**HOW TO COMPLETE THIS TASK**: Among the records below, find the line that has "#25 building (1054, 329, 1177, 547)"; from there, give the lines again exactly, and stop after the line that has "Answer in list order.".

**MATERIAL PROVIDED**:
______
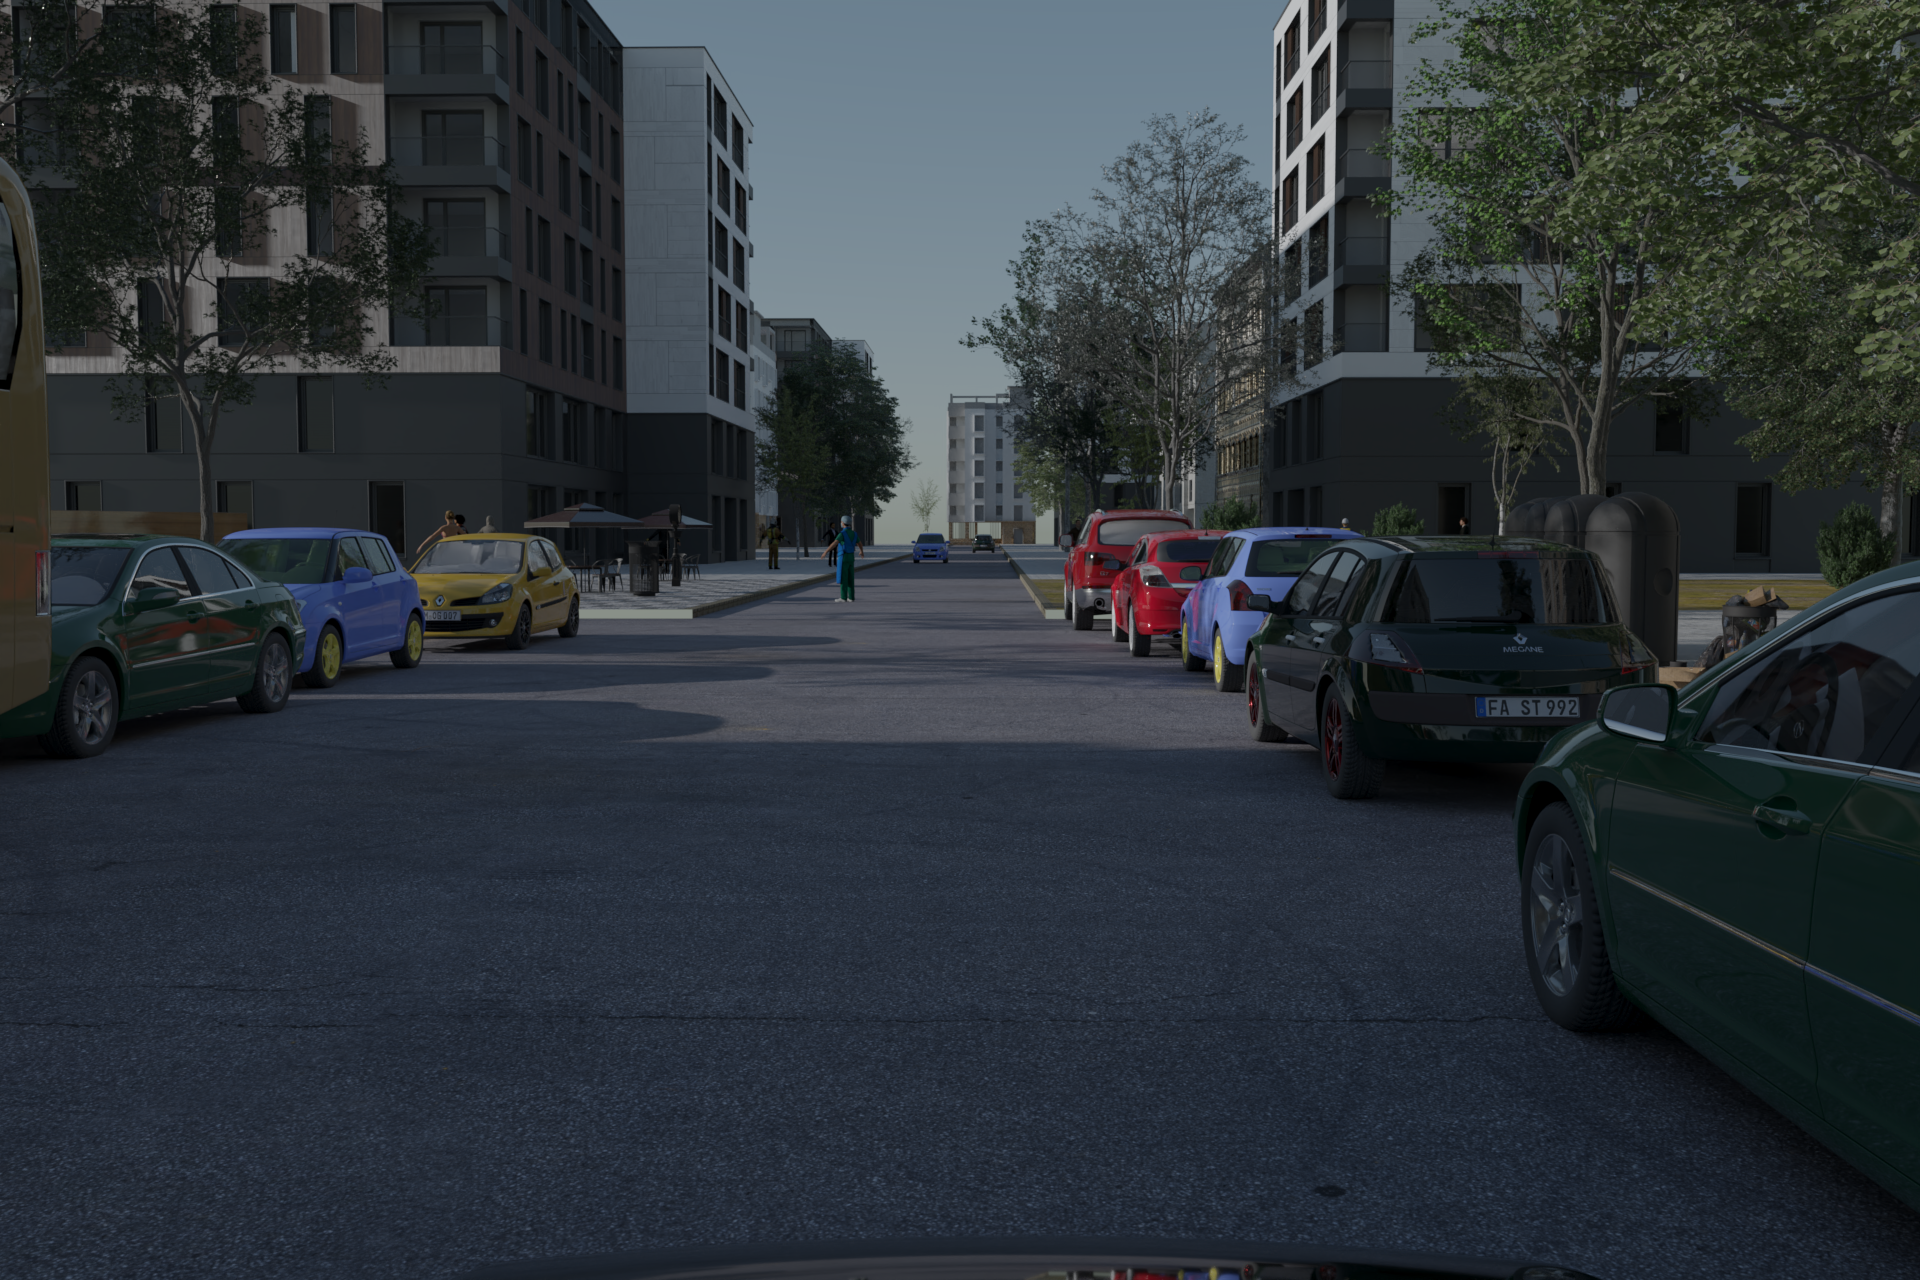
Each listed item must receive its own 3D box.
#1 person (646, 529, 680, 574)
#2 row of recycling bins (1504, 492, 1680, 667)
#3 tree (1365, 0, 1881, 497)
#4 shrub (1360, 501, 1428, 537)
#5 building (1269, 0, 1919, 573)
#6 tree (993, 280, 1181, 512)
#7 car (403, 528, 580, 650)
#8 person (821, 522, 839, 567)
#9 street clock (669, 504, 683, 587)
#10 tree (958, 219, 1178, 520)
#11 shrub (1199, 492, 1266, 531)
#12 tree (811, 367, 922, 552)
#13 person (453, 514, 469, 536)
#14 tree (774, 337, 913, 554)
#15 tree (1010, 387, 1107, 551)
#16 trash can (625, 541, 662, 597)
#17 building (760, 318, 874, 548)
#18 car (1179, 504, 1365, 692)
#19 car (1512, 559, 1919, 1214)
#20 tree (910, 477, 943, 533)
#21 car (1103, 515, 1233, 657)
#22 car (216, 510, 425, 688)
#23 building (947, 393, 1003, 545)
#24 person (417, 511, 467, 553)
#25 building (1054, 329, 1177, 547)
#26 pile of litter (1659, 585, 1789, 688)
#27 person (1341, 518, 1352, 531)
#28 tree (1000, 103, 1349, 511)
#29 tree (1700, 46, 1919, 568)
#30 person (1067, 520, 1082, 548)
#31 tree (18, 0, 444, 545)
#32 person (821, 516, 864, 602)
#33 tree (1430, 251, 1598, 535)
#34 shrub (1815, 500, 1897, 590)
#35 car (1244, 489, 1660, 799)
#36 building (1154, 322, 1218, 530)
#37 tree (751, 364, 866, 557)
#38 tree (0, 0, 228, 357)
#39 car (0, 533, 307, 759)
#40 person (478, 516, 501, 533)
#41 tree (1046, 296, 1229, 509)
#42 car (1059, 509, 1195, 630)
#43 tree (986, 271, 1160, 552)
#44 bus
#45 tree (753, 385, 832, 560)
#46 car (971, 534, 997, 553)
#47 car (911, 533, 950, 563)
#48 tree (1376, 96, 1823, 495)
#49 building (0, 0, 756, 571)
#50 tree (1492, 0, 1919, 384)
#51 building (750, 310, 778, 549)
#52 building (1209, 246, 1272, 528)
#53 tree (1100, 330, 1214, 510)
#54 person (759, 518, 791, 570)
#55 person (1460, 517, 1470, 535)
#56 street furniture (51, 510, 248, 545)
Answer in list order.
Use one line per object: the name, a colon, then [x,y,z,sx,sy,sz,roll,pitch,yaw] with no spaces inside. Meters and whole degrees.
person: [-9.570,-3.053,55.850,1.347,1.837,0.705,-3,5,-40]
row of recycling bins: [6.580,-0.687,18.349,1.069,1.692,3.534,0,4,1]
tree: [9.637,-6.114,25.712,9.928,11.665,9.643,0,3,0]
shrub: [10.494,-2.300,41.641,1.661,2.075,1.752,0,3,0]
building: [26.602,-13.978,72.507,27.936,21.610,32.646,0,4,1]
tree: [6.532,-10.558,82.997,12.009,13.543,11.850,0,3,0]
car: [-6.201,-0.760,22.649,2.015,1.641,3.980,0,4,1]
person: [-4.924,-3.728,67.675,1.216,1.740,0.721,-3,4,-36]
street clock: [-6.958,-2.313,42.392,0.358,2.002,0.471,0,4,3]
tree: [6.731,-15.236,105.003,12.611,20.169,13.585,0,3,0]
shrub: [5.099,-1.750,32.657,1.661,2.075,1.752,0,3,0]
tree: [-7.792,-13.282,127.529,12.009,13.543,11.850,0,3,0]
person: [-13.836,-2.546,47.764,0.704,1.843,1.345,1,4,18]
tree: [-7.552,-12.538,111.645,9.857,13.997,8.962,0,3,0]
tree: [7.459,-13.194,133.842,7.486,12.596,7.792,0,3,0]
trash can: [-6.513,-1.472,35.716,0.748,1.137,0.748,0,3,0]
building: [-23.992,-20.579,180.438,27.936,21.610,32.646,0,4,1]
car: [3.170,-0.453,16.995,1.945,1.707,3.694,0,3,0]
car: [2.610,0.501,3.603,2.131,1.459,4.920,0,4,1]
tree: [-3.901,-16.604,221.843,4.360,8.622,3.978,0,3,0]
car: [2.898,-0.774,21.693,2.155,1.783,4.494,0,4,1]
car: [-6.668,-0.467,17.234,1.945,1.707,3.694,0,4,1]
building: [-1.313,-22.361,224.472,11.380,20.090,16.016,0,4,-5]
person: [-9.848,-1.624,33.357,1.217,1.733,0.721,-3,4,-37]
building: [24.104,-21.102,188.985,27.936,21.610,32.646,0,4,1]
pile of litter: [6.357,-0.024,14.354,1.176,0.858,1.719,0,4,1]
person: [12.054,-2.920,54.213,1.216,1.772,0.721,1,4,14]
tree: [6.125,-8.533,49.886,12.009,13.543,11.850,0,3,0]
tree: [23.619,-8.390,43.829,9.857,13.997,8.962,0,3,0]
person: [4.342,-3.513,63.571,1.346,1.812,0.704,-1,4,-14]
tree: [-12.398,-5.772,28.790,8.767,10.594,7.601,0,4,5]
person: [-2.421,-1.713,36.597,0.704,1.817,1.347,3,4,36]
tree: [13.641,-5.739,44.194,4.360,8.622,3.978,0,3,0]
shrub: [19.387,-2.023,37.496,1.690,2.028,1.600,0,3,0]
car: [2.866,-0.059,10.745,2.009,1.686,4.222,0,4,0]
building: [27.187,-17.522,152.950,16.747,18.905,31.486,0,4,1]
tree: [-8.840,-9.864,95.684,7.601,10.594,8.767,-1,4,-13]
tree: [-12.601,-5.166,18.881,8.767,10.594,7.601,-2,4,-25]
car: [-6.425,-0.048,12.577,2.131,1.459,4.920,0,4,1]
person: [-13.530,-2.683,49.997,1.348,1.813,0.705,1,4,15]
tree: [6.924,-8.182,68.187,7.601,10.594,8.767,-1,4,-15]
car: [2.719,-1.137,27.270,2.281,1.827,5.304,0,4,1]
tree: [8.880,-16.174,120.337,12.611,20.169,13.585,0,3,0]
bus: [-6.511,-0.743,3.692,2.896,3.916,12.252,0,4,1]
tree: [-8.001,-8.229,84.907,4.737,8.622,4.395,0,3,0]
car: [1.798,-7.473,131.978,2.009,1.686,4.222,0,4,1]
car: [-1.440,-4.676,86.036,1.945,1.707,3.694,0,4,1]
tree: [12.868,-6.163,35.173,8.767,10.594,7.601,1,4,10]
building: [-24.669,-13.895,71.155,27.936,21.610,32.646,0,4,1]
tree: [8.673,-5.931,15.101,7.486,12.596,7.792,0,3,0]
building: [-22.125,-17.821,147.793,16.016,20.090,11.380,0,4,1]
building: [25.587,-16.572,101.883,19.493,23.208,18.063,0,4,1]
tree: [6.517,-6.634,58.827,4.737,8.622,4.395,0,3,0]
person: [-6.748,-3.486,62.760,1.354,1.858,0.705,2,4,29]
person: [15.920,-2.974,54.820,0.705,1.806,1.347,2,4,26]
street furniture: [-16.449,-1.759,35.620,9.812,1.723,11.010,2,4,25]
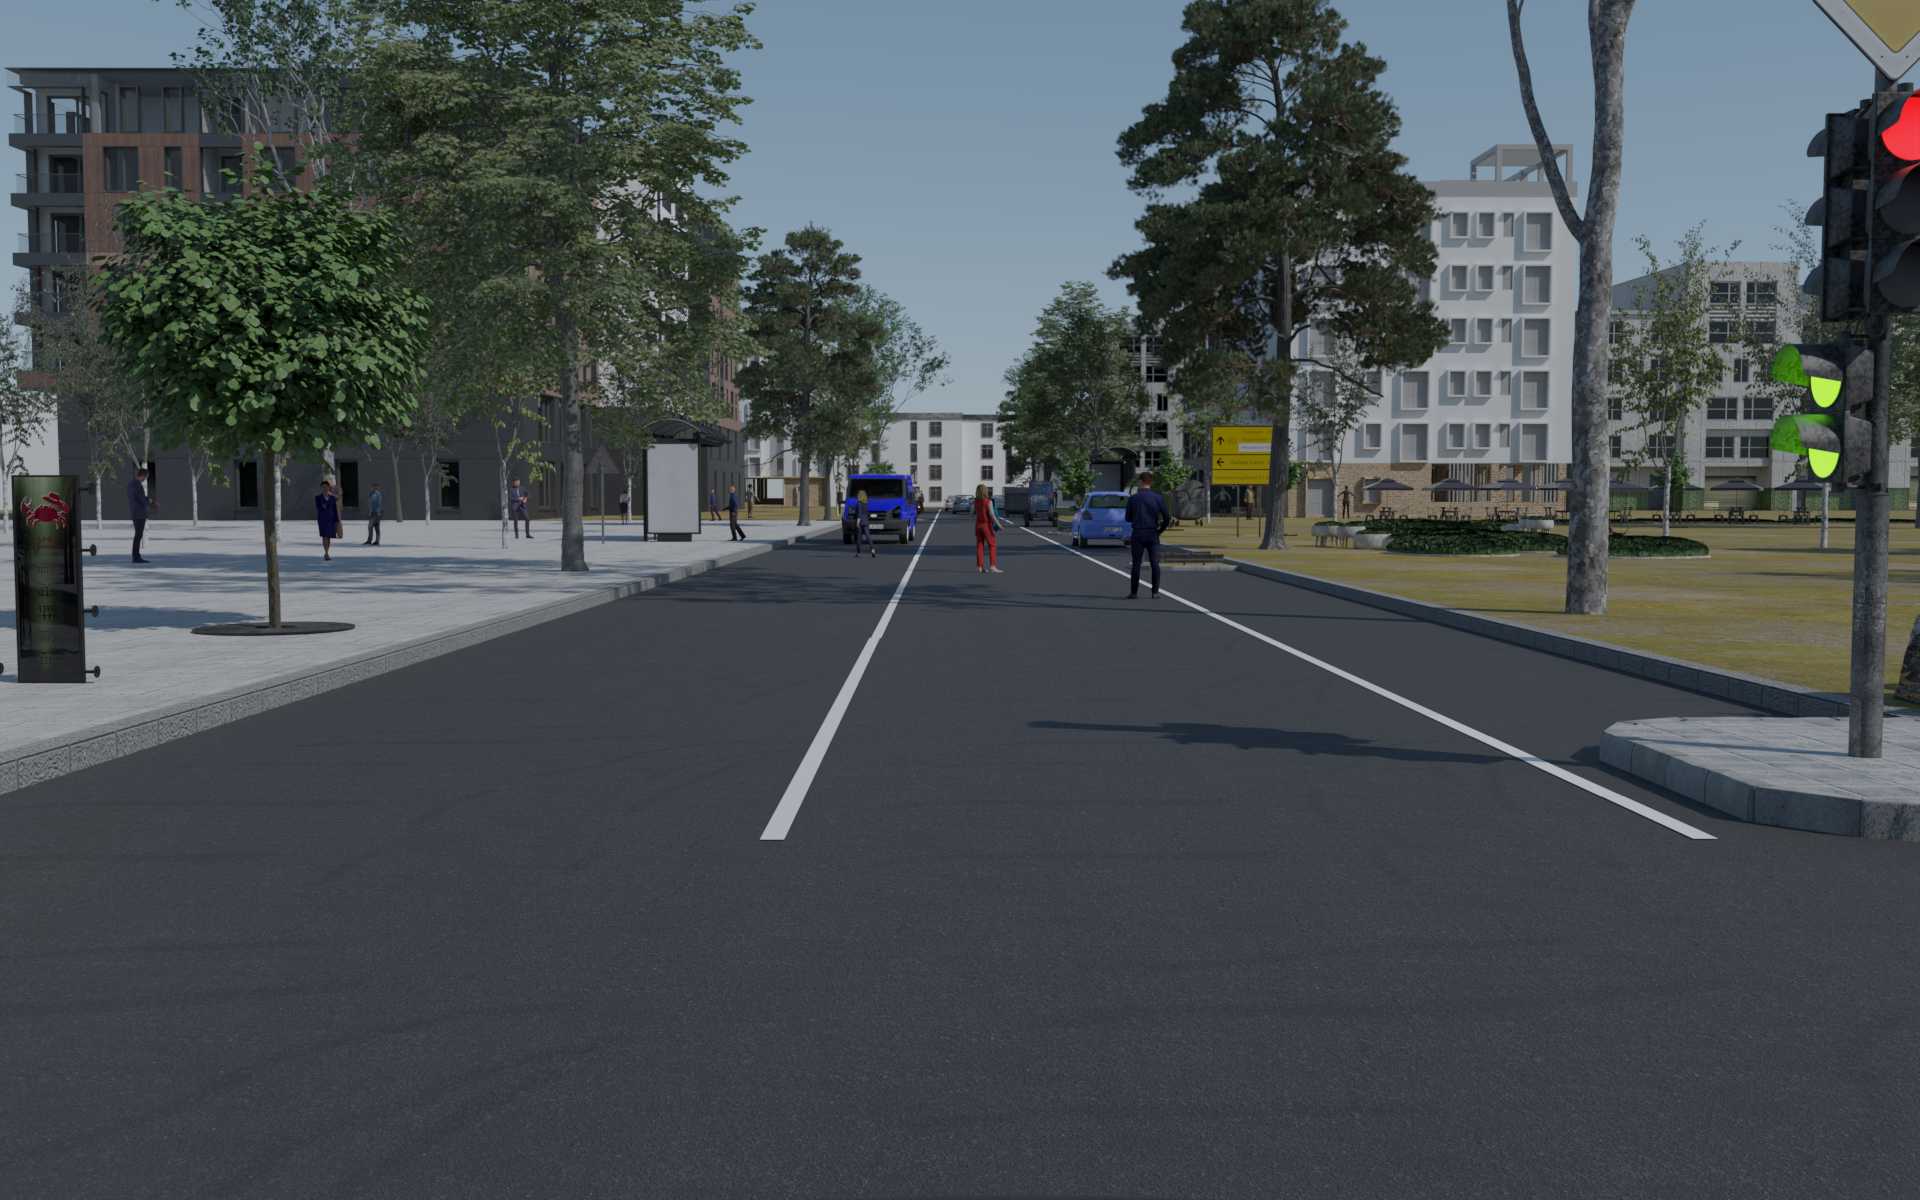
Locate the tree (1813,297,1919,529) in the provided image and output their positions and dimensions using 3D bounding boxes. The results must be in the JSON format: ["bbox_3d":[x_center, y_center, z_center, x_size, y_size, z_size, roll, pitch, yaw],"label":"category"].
[{"bbox_3d":[35.427,-8.943,64.337,7.486,12.596,7.792,0,3,0],"label":"tree"}]

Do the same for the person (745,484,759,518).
[{"bbox_3d":[-11.072,-5.239,91.698,0.705,1.824,1.348,-3,5,-39],"label":"person"}]

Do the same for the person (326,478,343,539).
[{"bbox_3d":[-17.998,-2.628,49.700,0.565,1.739,0.600,0,4,-6],"label":"person"}]

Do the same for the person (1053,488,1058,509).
[{"bbox_3d":[8.251,-9.108,155.472,1.217,1.766,0.721,-3,5,-39],"label":"person"}]

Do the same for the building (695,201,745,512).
[{"bbox_3d":[-34.337,-17.793,134.882,32.646,21.610,27.936,0,4,0],"label":"building"}]

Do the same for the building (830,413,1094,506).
[{"bbox_3d":[0.180,-14.739,183.134,28.070,9.664,9.099,0,4,0],"label":"building"}]

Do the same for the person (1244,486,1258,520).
[{"bbox_3d":[14.327,-4.858,85.566,0.705,1.812,1.348,3,4,38],"label":"person"}]

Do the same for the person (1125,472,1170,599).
[{"bbox_3d":[2.550,-0.891,23.780,0.576,1.737,0.504,-1,4,-9],"label":"person"}]

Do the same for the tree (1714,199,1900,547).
[{"bbox_3d":[20.611,-5.581,41.609,4.360,8.622,3.978,0,3,0],"label":"tree"}]

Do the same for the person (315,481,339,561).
[{"bbox_3d":[-12.132,-1.521,33.286,0.546,1.535,0.453,3,4,37],"label":"person"}]

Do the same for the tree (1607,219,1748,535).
[{"bbox_3d":[19.357,-5.931,47.340,4.737,8.622,4.395,0,3,0],"label":"tree"}]

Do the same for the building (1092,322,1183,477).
[{"bbox_3d":[30.286,-19.566,186.365,31.486,18.905,16.747,0,4,0],"label":"building"}]

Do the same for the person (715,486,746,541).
______
**RESULT FOR THIS EXERCISE**:
#25 building (1054, 329, 1177, 547)
#26 pile of litter (1659, 585, 1789, 688)
#27 person (1341, 518, 1352, 531)
#28 tree (1000, 103, 1349, 511)
#29 tree (1700, 46, 1919, 568)
#30 person (1067, 520, 1082, 548)
#31 tree (18, 0, 444, 545)
#32 person (821, 516, 864, 602)
#33 tree (1430, 251, 1598, 535)
#34 shrub (1815, 500, 1897, 590)
#35 car (1244, 489, 1660, 799)
#36 building (1154, 322, 1218, 530)
#37 tree (751, 364, 866, 557)
#38 tree (0, 0, 228, 357)
#39 car (0, 533, 307, 759)
#40 person (478, 516, 501, 533)
#41 tree (1046, 296, 1229, 509)
#42 car (1059, 509, 1195, 630)
#43 tree (986, 271, 1160, 552)
#44 bus
#45 tree (753, 385, 832, 560)
#46 car (971, 534, 997, 553)
#47 car (911, 533, 950, 563)
#48 tree (1376, 96, 1823, 495)
#49 building (0, 0, 756, 571)
#50 tree (1492, 0, 1919, 384)
#51 building (750, 310, 778, 549)
#52 building (1209, 246, 1272, 528)
#53 tree (1100, 330, 1214, 510)
#54 person (759, 518, 791, 570)
#55 person (1460, 517, 1470, 535)
#56 street furniture (51, 510, 248, 545)
Answer in list order.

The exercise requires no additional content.